Nuestros aborrecidos hermanos, los de la otra banda, los hijos del Mogreb El Andalus, avanzaron desde Sebta hasta El Medik, sosteniendo combates terribles con nuestros valientes montañeses y tropas regulares. El número de cristianos que perecieron en aquellas refriegas no se puede calcular; los moros perdimos escaso número, y en casi todos los encuentros quedábamos vencedores. El avance de los españoles, tras tantos descalabros, y su paso de un terreno a otro, no se explica sino por combinaciones astronómicas, mágicas y cabalísticas, cuyo secreto tienen aquellos Generales y que los nuestros no han podido penetrar. El enemigo consulta de día la marcha del Sol; de noche las posiciones de los astros que esmaltan de bellas luces el firmamento, y combinando estos signos con las cifras y figuras que en unos deformes libros traen, del estudio de todo ello sacan la pauta de sus movimientos, que siempre resultan hacia adelante, nunca hacia atrás.
Pero estas artes mágicas no les valdrán: para desbaratarlas y confundir a los infieles, nos basta con las dotes singulares de nuestro caudillo Muley El-Abbás, asistido de las bendiciones de Allah, que le tiene por ejecutor de sus altos designios. Si es fuerte con su espada, no lo es menos con sus oraciones. En ellas dice: «¡Oh profeta, excita los creyentes al combate! Veinte hombres tuyos aniquilarán a doscientos infieles...». En el alto de Kal-lalin, que los enemigos llaman Torre Geleli, tiene su campamento el hermano del Sultán, y desde allí, con el milagroso anteojo de aumento que le regaló el Inglés, observa las posiciones y movimientos de los infieles. Nada se le escapa; no se mueve una mosca en el campamento cristiano, sin que nuestro General se entere, asistido además por referencias que le traen numerosos espías, ora renegados, traicioneros a su patria, ora fieles berbiriscos que, fingiéndose locos o enfermos, van a mendigar al campo español.

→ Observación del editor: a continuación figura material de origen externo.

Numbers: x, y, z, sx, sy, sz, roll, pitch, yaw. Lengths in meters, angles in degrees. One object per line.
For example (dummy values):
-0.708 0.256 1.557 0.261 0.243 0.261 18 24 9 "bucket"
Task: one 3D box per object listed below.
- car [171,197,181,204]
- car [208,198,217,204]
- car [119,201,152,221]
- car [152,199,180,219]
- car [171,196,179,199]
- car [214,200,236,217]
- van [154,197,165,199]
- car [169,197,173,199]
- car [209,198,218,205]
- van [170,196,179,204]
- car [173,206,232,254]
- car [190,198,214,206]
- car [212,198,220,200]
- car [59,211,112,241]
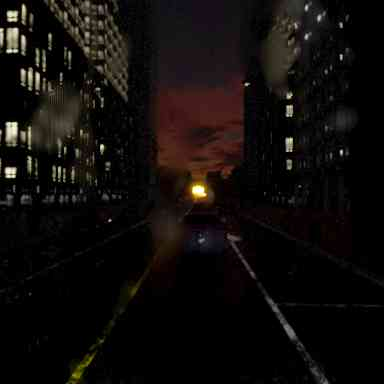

¡Loor a Allah único! He visitado al Príncipe marroquí en su lujosa tienda: la confianza brilla en su noble rostro; ha preparado tan bien sus planes, que ya no tiene nada que hacer, y espera tranquilamente que el enemigo se mueva, para disponer salirle al encuentro y atajar sus pasos. Confiado en la protección del Cielo, no sólo practica la oración mañana y tarde a las horas que marca la ley, sino que recomienda a sus ascaris y a los jefes de ellos que ante todo cuiden de practicar la oración... En el momento del combate, mientras unos pelean, otros deben rezar... alternando en la matanza y en el rezo. Por eso les dice: Allah es vencedor...
Los infieles ocupan su tiempo en ridículos preparativos. Han levantado un fuerte que llaman de la Estrella, donde se les ve afanados en trabajos semejantes al trajín de las hormigas... Sabemos que al campo de O'Donnell ha llegado un Príncipe francés, emparentado con la familia Real de España 1; es hijo de un hermano del esposo de la hermana de la Reina, y parece que trae la misión de instruir a los españoles en ciertos particulares de la guerra del Francés en Argelia... inútil ciencia, pues lo que venció a los argelinos fue su falta de fe y no el valor de la Francia. No hay semejanza entre la Argelia y El Mogreb, pues este antes que militar es creyente, y perdura en las vías de Allah... Allah es la fuerza; Allah es la astucia militar y el amparo de las naciones... Aguardamos, pues, tranquilos el choque de armas que ha de poner fin a esta guerra... Los infieles perecerán en las lagunas de Guad-el-Gelú como en las aguas del mar Bermejo pereció Faraón, cuando iba en perseguimiento de los hijos de Israel, conducidos por Moisés o Mouçá.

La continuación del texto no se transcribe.